Sinkholes is a depression in the ground caused by the collapse of the surface layer often forming in areas with soluble bedrock such as limestone dolomite or gypsum. This phenomenon poses notable dangers to the environment and any structures constructed above them. The current study aims to comprehend the behavior of an isolated footing carrying a load and built on soil containing void. An analytical study was conducted on the failure mechanism of an isolated footing positioned over void soils. The ability of an analytical model to accurately predict system behavior evaluated, through verification analysis of existing research. The analysis was conducted using finite element software (PLAXIS 2D) utilizing an elastic perfectly plastic soil model.
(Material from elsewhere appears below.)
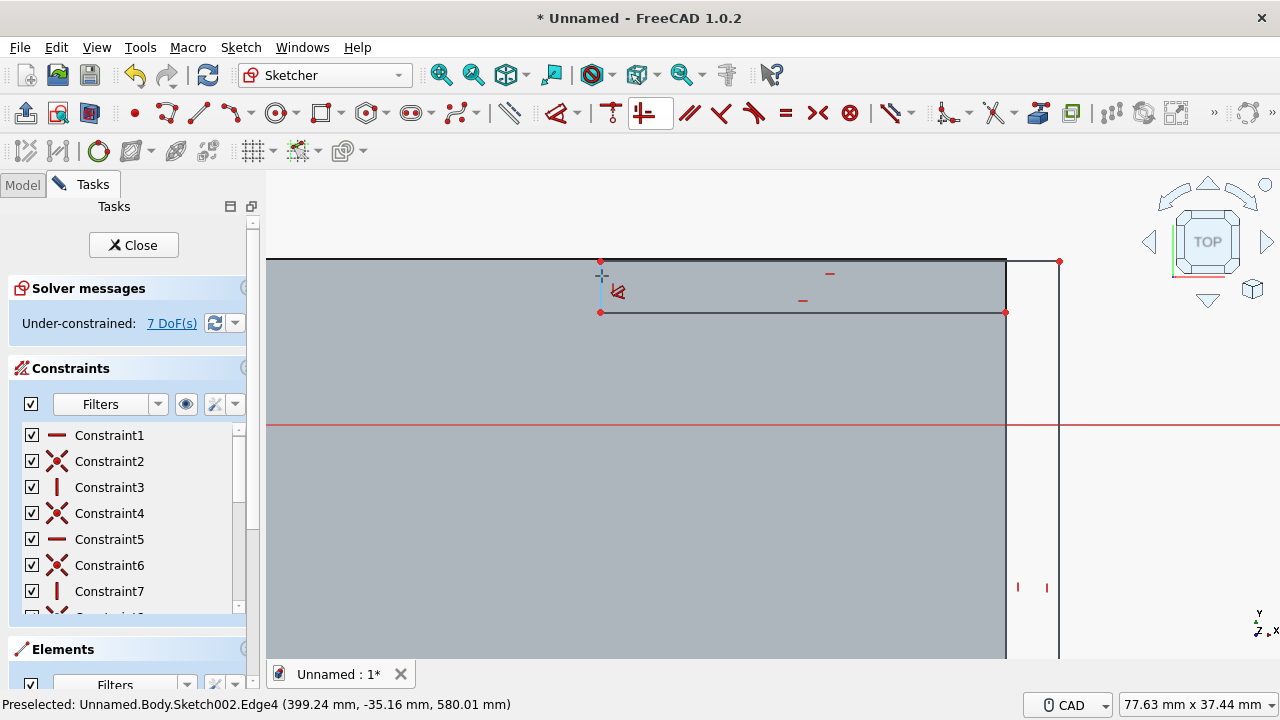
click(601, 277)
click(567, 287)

In the present study, the impact of sinkhole the depth, location, and size of voids causing sinkholes on the stability of the footing is being examined. The findings indicate that as the size of the void increases, the load intensity decreases and when the depth of the void above the footing increases, the load intensity increases. However, when the depth of the void to the width of the footing ratio is 3.5, the void has no more impact on the footing's stability. Similarly, regarding the void's location effect on the footing's stability, the location can indeed affect it. With an increasing horizontal distance between the void and the foundation's centerline, the load-carrying capacity also increases. However, when the ratio of the horizontal distance from the void to the footing's centerline to the width of the footing is 2.5 or greater, there is no significant decrease in load intensity capacity. The current research focuses solely on circular voids despite the fact that voids can also take irregular shapes. The study also only takes into account isolated footings and normal loading systems. Further research is necessary to comprehensively comprehend sinkhole behavior and their impact on different structures, and to explore ways to minimize these effects.